Dataset items
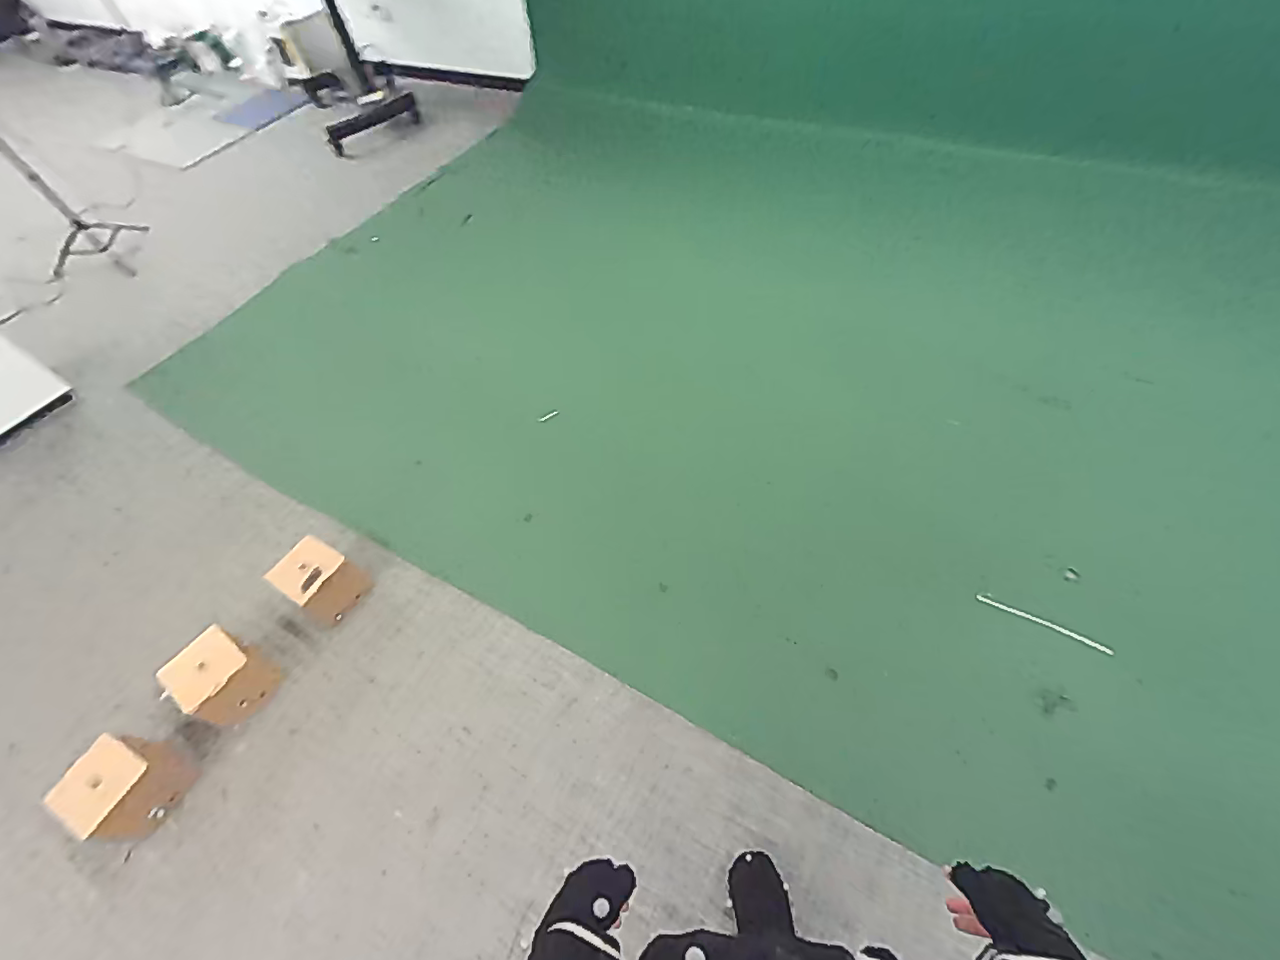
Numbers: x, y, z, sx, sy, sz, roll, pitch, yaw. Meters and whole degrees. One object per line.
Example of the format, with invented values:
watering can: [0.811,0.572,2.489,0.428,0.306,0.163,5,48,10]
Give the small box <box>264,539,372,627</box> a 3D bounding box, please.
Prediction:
small box: [-0.929,0.307,1.580,0.179,0.176,0.168,24,60,22]

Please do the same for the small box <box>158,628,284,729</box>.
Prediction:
small box: [-1.104,0.532,1.436,0.179,0.176,0.168,29,62,23]

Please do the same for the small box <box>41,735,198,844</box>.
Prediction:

**EXERCISE OBJECTIVE**
What should come out is the exact run of lines from the one holding "Example of the" through the end of the records above, and nothing besides.

**WRITTEN SOLUTION**
Example of the format, with invented values:
watering can: [0.811,0.572,2.489,0.428,0.306,0.163,5,48,10]
Give the small box <box>264,539,372,627</box> a 3D bounding box, please.
Prediction:
small box: [-0.929,0.307,1.580,0.179,0.176,0.168,24,60,22]

Please do the same for the small box <box>158,628,284,729</box>.
Prediction:
small box: [-1.104,0.532,1.436,0.179,0.176,0.168,29,62,23]

Please do the same for the small box <box>41,735,198,844</box>.
Prediction:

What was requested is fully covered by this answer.